(Dataset extract Opens)

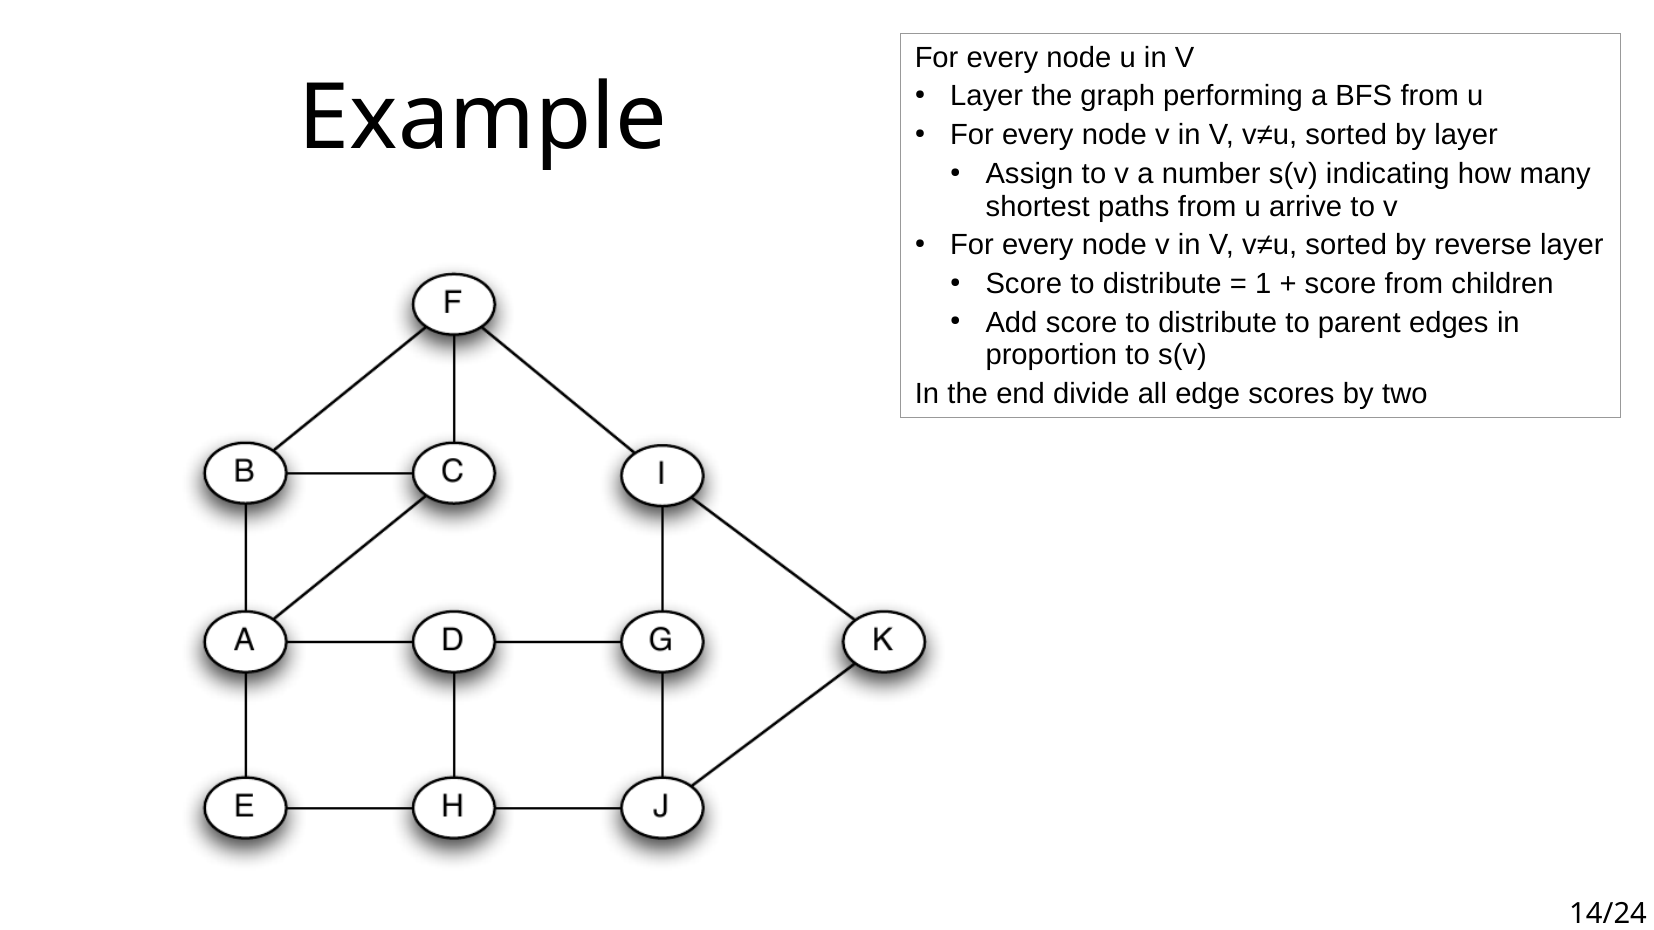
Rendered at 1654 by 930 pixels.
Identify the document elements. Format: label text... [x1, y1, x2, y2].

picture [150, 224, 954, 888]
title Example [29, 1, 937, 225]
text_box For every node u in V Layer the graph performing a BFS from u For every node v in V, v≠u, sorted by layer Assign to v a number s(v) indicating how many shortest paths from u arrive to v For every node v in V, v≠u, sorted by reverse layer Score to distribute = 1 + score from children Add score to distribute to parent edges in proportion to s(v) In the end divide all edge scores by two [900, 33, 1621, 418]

(Dataset extract Closes)

> [Directions]: All lines from the one that contains "Identify the document" to the last line above must be given again exactly, with both included and nothing added.

> [Completed exercise]:
Identify the document elements. Format: label text... [x1, y1, x2, y2].

picture [150, 224, 954, 888]
title Example [29, 1, 937, 225]
text_box For every node u in V Layer the graph performing a BFS from u For every node v in V, v≠u, sorted by layer Assign to v a number s(v) indicating how many shortest paths from u arrive to v For every node v in V, v≠u, sorted by reverse layer Score to distribute = 1 + score from children Add score to distribute to parent edges in proportion to s(v) In the end divide all edge scores by two [900, 33, 1621, 418]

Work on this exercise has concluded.